Note: This is thus a multilabel classification task in which all the labels are unbalanced - there are roughly 6,000 of each label in the whole dataset.
Test dataset: Separate dataset held out for testing, roughly 1,500 sentences.
Note: The datasets have similar distributions of label imbalance, word type and sentence length.
Procedure: In training/parameter testing, use k-fold cross-validation so that the network sees all the data in the training set, with validation loss/accuracy as the measure of the model performance. This returns a set of K models whose validation scores give a measure of how well the model with a particular set of parameters will perform when trained on the whole dataset. Each model K can then be tested on the held-out dataset to assess its performance on real-world data (i.e. nested cross-validation).
At this point three things seem reasonable:
use the above procedure to identify the best hyperparameters and train a new model on all the data, without cross-validation.
re-run the best model using cross-validation.
when I am running the above procedure, rather than getting the mean of the cross-validation results as an indication of model performance, allow each CV fold to update the model weights and save the best model that results from this procedure, evaluating this model on the held-out dataset. [edit: this is possible in Python > Keras, for example]
My intuition is that 2 or 3 will give a model trained on the whole dataset that is less likely to be overfitted than a model trained without cross-validation, thus more generalizable to real-world. I do understand that overfitting should be combated by other measures (which I use), but my experience is that models built using cross-validation are less overfitted than those without. Also, by checkpointing (3) I avoid having to build a new model with a given set of parameters, saving me an extra step and a large amount of computational resources.

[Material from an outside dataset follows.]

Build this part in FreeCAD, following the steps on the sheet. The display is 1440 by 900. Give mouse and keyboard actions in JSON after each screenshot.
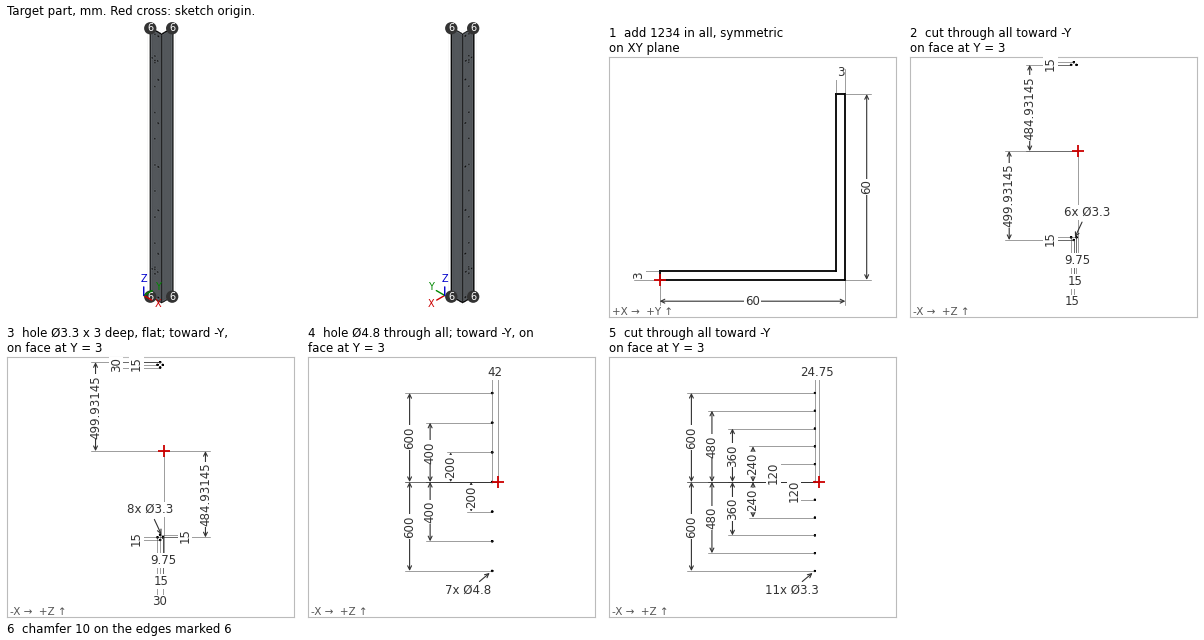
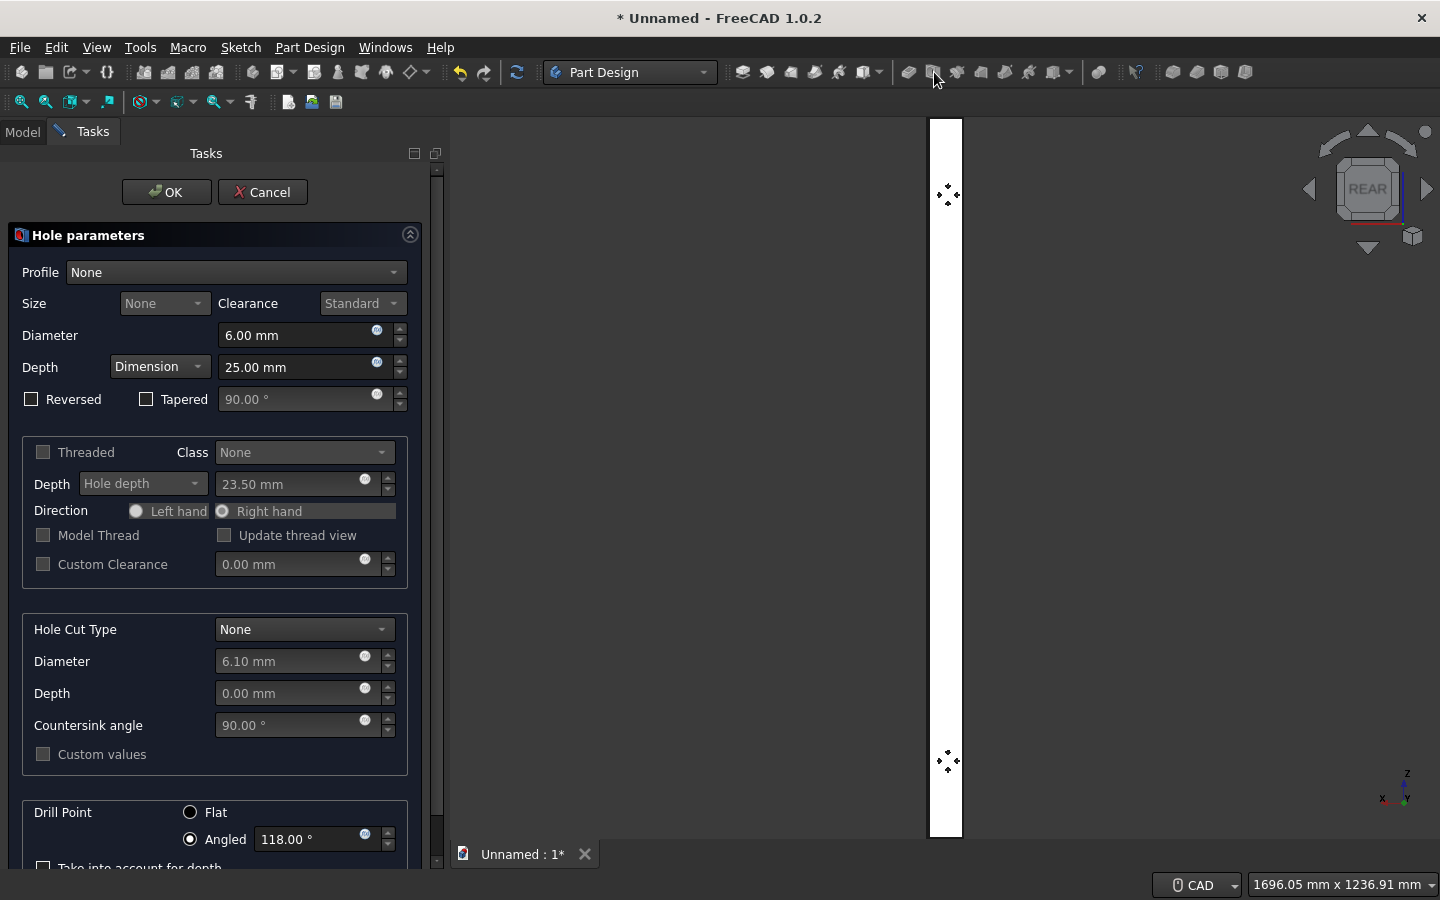
{"action": "triple_click", "coordinate": [305, 335]}

One drawback of 3 that I can see is that it gives me a near-upper-bound of model performance, while strict cross-validation (with means) gives a lower bound. So this is a trade-off, and it means that following procedure #1 can give better model training on the full dataset. But better training on the full dataset does not necessarily lead to better generalizations (just check the public vs private leaderboards on Kaggle competitions), and process #3 seems to achieve better generalization.
The only other thing I can think of is that since you don’t control which sentences/labels are in each fold, updating weights may give your model erroneous weights depending on how the data in that particular fold is structured. However, I would think this can be mitigated by using Stratified k-folds and/or Repeated Stratified k-folds. Again, ultimately, performance is measured by prediction on the held-out dataset.
Is there something I’m missing here? Are there papers that compare models built during cross-validation vs models built after cross-validation?